YOUR ASSIGNMENT: Nothing but a number should be given: how many lines of the records include "code"?

(INPUT DATA Opens)

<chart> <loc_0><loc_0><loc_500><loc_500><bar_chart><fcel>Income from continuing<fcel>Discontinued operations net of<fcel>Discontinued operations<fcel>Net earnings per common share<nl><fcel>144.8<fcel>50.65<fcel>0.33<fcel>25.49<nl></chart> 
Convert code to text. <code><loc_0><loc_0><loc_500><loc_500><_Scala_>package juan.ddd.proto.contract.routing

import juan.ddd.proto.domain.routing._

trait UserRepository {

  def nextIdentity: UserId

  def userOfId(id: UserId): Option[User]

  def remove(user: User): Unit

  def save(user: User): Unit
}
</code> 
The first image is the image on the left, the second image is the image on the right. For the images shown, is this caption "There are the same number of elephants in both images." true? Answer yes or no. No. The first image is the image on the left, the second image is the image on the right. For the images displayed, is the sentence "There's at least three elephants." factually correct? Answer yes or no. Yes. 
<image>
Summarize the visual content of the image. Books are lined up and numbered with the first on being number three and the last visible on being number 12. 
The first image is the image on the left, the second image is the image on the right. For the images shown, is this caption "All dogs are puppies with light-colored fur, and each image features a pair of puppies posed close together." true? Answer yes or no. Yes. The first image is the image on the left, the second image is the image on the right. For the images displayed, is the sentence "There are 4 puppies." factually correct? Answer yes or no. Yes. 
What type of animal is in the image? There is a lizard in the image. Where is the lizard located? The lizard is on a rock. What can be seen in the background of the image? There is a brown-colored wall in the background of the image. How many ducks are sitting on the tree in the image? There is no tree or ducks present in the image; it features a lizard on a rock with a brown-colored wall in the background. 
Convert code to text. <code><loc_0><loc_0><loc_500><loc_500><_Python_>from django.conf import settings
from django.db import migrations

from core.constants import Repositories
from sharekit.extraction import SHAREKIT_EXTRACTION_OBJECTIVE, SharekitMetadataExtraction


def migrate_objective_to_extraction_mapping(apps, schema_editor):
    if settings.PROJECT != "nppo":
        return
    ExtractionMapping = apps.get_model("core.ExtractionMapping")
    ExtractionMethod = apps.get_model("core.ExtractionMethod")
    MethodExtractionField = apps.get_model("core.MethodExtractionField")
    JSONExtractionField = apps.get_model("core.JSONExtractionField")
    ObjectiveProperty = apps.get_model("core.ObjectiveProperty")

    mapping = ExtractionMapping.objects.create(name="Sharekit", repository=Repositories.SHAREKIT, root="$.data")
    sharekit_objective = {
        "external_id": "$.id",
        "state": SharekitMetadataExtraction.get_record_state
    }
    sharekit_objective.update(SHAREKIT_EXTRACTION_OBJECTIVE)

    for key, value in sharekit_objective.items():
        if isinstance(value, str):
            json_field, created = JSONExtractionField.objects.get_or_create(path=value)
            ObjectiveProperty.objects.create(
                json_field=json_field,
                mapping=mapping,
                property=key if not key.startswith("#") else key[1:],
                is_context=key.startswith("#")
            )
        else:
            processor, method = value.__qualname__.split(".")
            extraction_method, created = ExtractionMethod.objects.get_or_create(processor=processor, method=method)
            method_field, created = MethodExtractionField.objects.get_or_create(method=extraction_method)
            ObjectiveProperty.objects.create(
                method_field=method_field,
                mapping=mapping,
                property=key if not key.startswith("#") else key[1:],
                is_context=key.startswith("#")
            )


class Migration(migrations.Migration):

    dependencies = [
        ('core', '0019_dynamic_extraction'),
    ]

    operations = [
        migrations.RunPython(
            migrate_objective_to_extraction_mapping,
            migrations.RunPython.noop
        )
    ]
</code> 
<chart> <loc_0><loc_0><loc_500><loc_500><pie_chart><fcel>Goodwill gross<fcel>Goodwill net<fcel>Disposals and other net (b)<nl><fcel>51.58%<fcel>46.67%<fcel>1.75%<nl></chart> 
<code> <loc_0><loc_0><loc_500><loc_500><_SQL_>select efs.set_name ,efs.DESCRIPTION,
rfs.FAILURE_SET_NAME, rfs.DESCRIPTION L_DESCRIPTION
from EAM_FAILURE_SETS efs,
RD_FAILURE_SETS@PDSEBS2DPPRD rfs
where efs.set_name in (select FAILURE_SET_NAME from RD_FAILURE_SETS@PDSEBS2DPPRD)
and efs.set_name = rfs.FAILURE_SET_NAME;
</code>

(INPUT DATA Closes)

YOUR RESPONSE: 6